* **What you have to do**
Search each line below for the word "FROM" and list those that contain it.

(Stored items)
↓

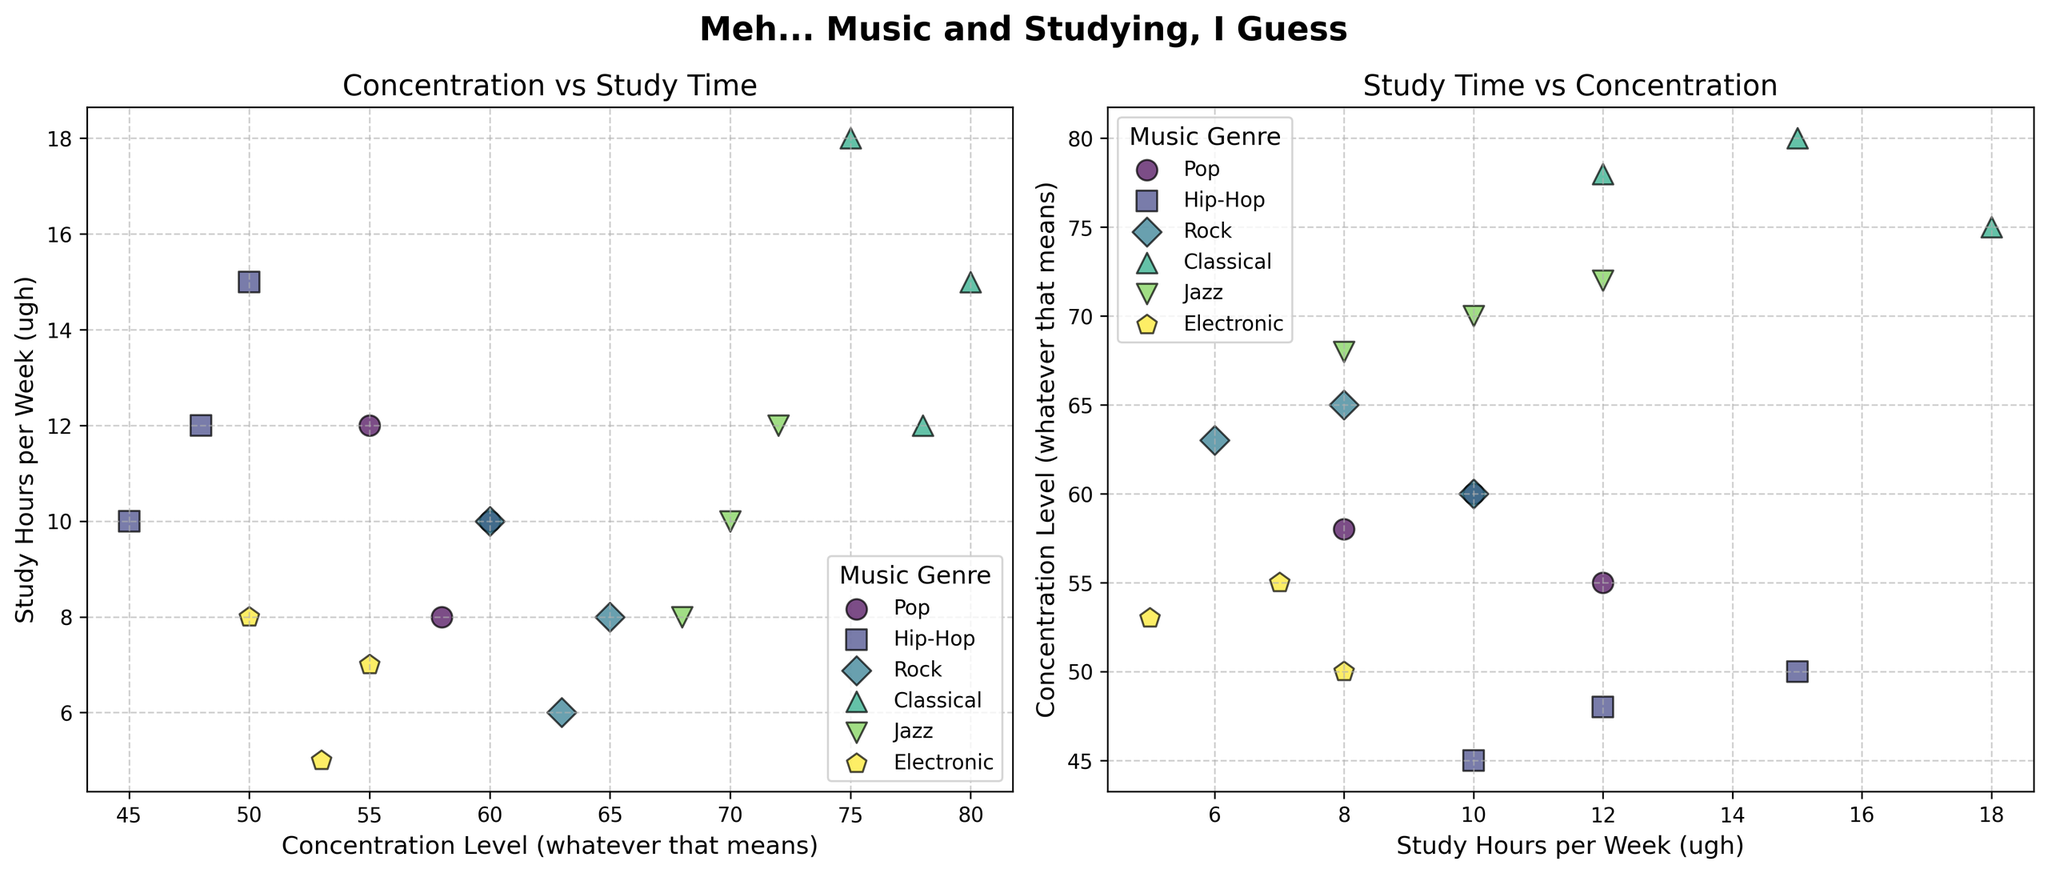What's the title of the figure? The title of the figure is located at the top, and it reads "Meh... Music and Studying, I Guess." This title suggests a casual or indifferent attitude toward the content of the plot.
Answer: Meh... Music and Studying, I Guess Which music genre seems to have the highest average concentration level? To find the highest average concentration level, look at the data points for each genre. Classical music has the highest concentration levels, with values of 80, 78, and 75.
Answer: Classical How many data points are shown for each music genre? Count the number of data points for each genre. Each genre has 3 data points on the scatter plot.
Answer: 3 Between Pop and Rock, which genre shows higher concentration levels? Identify the data points for Pop and Rock and compare their concentration levels. Pop has concentration levels of 60, 55, and 58, while Rock has levels of 65, 60, and 63. Rock has higher concentration levels.
Answer: Rock What's the concentration level for Classical music with 12 study hours per week? Find the data point where Classical music intersects with 12 study hours on the x-axis. The concentration level is 78.
Answer: 78 How does the concentration level generally relate to study hours per week for Classical music? Examine the trend for Classical music. As study hours increase, concentration levels seem to decrease slightly, but remain relatively high.
Answer: Decreases slightly, but remains high Which genre has the lowest concentration levels overall? Compare the concentration levels across all genres. Hip-Hop has the lowest concentration levels, with values of 50, 45, and 48.
Answer: Hip-Hop What's the average concentration level for Jazz music? Calculate the average for Jazz concentration levels: (70 + 68 + 72) / 3 = 70.
Answer: 70 How many total study hours per week are recorded for Electronic music? Sum up the study hours for Electronic music: 7 + 5 + 8 = 20.
Answer: 20 Which genre has study hours that mostly fall below 10 per week? Look at the study hours for each genre. Electronic music primarily has study hours below 10 (7, 5, and 8).
Answer: Electronic 
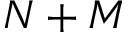<formula> <loc_0><loc_0><loc_500><loc_500>N + M</formula> 
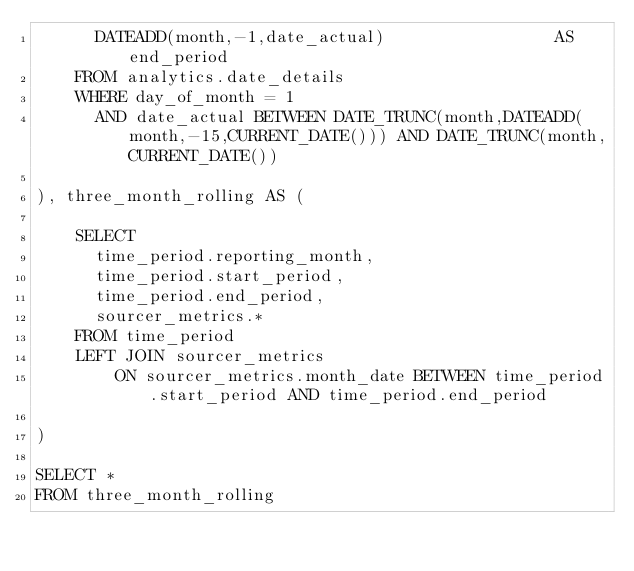Convert code to text. <code><loc_0><loc_0><loc_500><loc_500><_SQL_>      DATEADD(month,-1,date_actual)                 AS end_period          
    FROM analytics.date_details
    WHERE day_of_month = 1
      AND date_actual BETWEEN DATE_TRUNC(month,DATEADD(month,-15,CURRENT_DATE())) AND DATE_TRUNC(month,CURRENT_DATE())
  
), three_month_rolling AS (

    SELECT 
      time_period.reporting_month,
      time_period.start_period,
      time_period.end_period,
      sourcer_metrics.*
    FROM time_period
    LEFT JOIN sourcer_metrics       
        ON sourcer_metrics.month_date BETWEEN time_period.start_period AND time_period.end_period
   
)

SELECT *
FROM three_month_rolling</code>

↑

* **Solution to the exercise**
    FROM analytics.date_details
    FROM time_period
FROM three_month_rolling</code>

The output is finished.